MUSSOLINI E L’EXPO ALL’EUR: L’ESPOSIZIONE UNIVERSALE MANCATA

EUR. Particolare del bassorilievo marmoreo realizzato da Publio Morbiducci

EUR. Particolare del bassorilievo marmoreo realizzato da Publio Morbiducci

Il massimo esponente del progetto dell’Eur fu l’architetto Marcello Piacentini che, attraverso un’architettura razionalista e geometrica, aveva il compito di eternare la nuova Roma attraverso la monumentalità e la grandiosità degli edifici. “Io sono per l’architettura moderna, per quella del nostro tempo[…]. È assurdo il non volere un’architettura razionale e funzionale del nostro tempo”, diceva Mussolini nel ’34 riferendosi all’architettura di Sabaudia. La Via Imperiale (oggi Via Cristoforo Colombo) venne progettata dallo stesso Piacentini per unire la città storica con la nuova Roma ed Ostia.

Lungo il percorso della strada dovevano essere costruite piazze, edifici ed uffici pubblici immersi tra il verde dei parchi e le fontane. Si pensò di realizzare un lago artificiale ed un arco di acciaio ed alluminio di 170 metri d’altezza e 330 metri di apertura, il simbolo della maestosità e della grandiosità della nuova Italia da collocare sulla Via Imperiale, prima dell’inizio del quartiere Eur. E poi edifici come il Palazzo della Civiltà Italiana (ribattezzato il Colosseo quadrato), il Palazzo delle Forze Armate, la chiesa di San Pietro e San Paolo, il Palazzo dei Congressi, la piazza dell’Impero (oggi piazza Marconi) con l’obelisco centrale.

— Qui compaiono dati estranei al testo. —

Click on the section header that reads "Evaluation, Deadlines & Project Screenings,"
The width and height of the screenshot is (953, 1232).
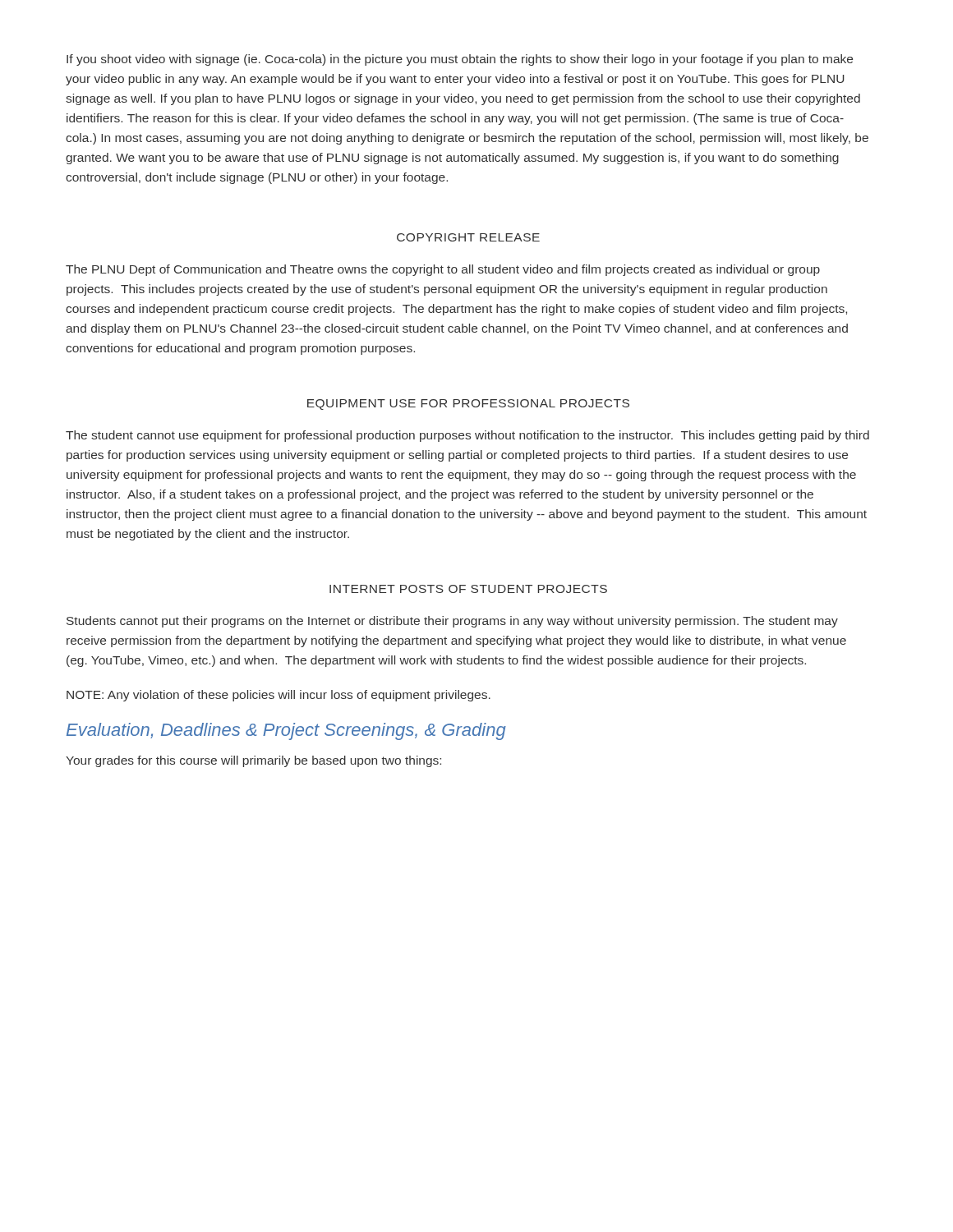[286, 730]

I lavori per la realizzazione dell’Eur (E42) ebbero inizio nel 1937 quando vennero costruiti i quartieri per gli addetti ai lavori e gli operai. Il 28 aprile di quello stesso anno Mussolini piantò un pino romano nel terreno su cui doveva sorgere la Roma moderna ma, a causa dell’entrata in guerra dell’Italia, il progetto non venne portato a termine e l’esposizione universale non ebbe mai luogo.

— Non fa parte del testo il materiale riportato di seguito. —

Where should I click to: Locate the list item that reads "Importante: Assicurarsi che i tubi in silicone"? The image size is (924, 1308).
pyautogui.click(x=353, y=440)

COSA VEDERE AL QUARTIERE EUR

Una delle 28 statue del Palazzo della Civiltà Italiana, il Colosseo Quadrato

Una delle 28 statue del Palazzo della Civiltà Italiana, il Colosseo Quadrato

Tra le opere realizzate durante il periodo fascista ricordiamo il Palazzo degli Uffici dell’Eur davanti al quale ancora oggi è possibile vedere la statua raffigurante un giovane con il braccio destro alzato. L’opera, denominata Il Genio del Fascismo, doveva incarnare l’essenza dell’italianità che salutava il resto del mondo. Nel dopoguerra alla mano venne aggiunto un guanto da lottatore e alla scultura venne cambiato il nome in Il Genio dello Sport. Il bassorilievo marmoreo realizzato da Publio Morbiducci presente accanto all’entrata degli Uffici dell’Eur, invece, venne realizzato nel 1940. Il titolo dell’opera è La storia di Roma attraverso le opere edilizie e dall’alto verso il basso viene rappresentata la storia della città partendo dalla sua fondazione, passando per gli imperatori, la cristianità, il risorgimento e concludendosi con il duce a cavallo.

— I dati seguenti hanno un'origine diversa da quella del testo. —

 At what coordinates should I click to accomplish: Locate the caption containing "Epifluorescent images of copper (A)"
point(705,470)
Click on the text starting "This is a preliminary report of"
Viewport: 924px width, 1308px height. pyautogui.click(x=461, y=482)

Ma il centro della nuova città doveva essere il Palazzo della Civiltà Italiana, luogo in cui si era pensato di ospitare la mostra relativa alla civiltà del nostro paese. Con le sue facciate traforate e con il complesso degli archi ripetuti 216 volte, l’edificio doveva accogliere la storia delle personalità principali italiane da Augusto fino a Mussolini. Alto sessanta metri ed abbellito da 28 statue raffiguranti le arti e le attività umane, il palazzo, non ancora terminato, fu inaugurato nel novembre del 1940. L’entrata in guerra dell’Italia portò mano mano all’interruzione dei lavori e si capì ben presto che per la data del 21 aprile 1942, prevista per l’inizio dell’esposizione, l’Eur (E42) non sarebbe stato terminato. Solo il Palazzo degli Uffici era stato ultimato mentre il resto del progetto venne abbandonato. Soltanto negli anni Cinquanta vennero ultimati i lavori dell’intero quartiere in vista delle Olimpiadi del 1960 e vennero realizzati anche il Palazzetto dello Sport ed il laghetto dell’Eur.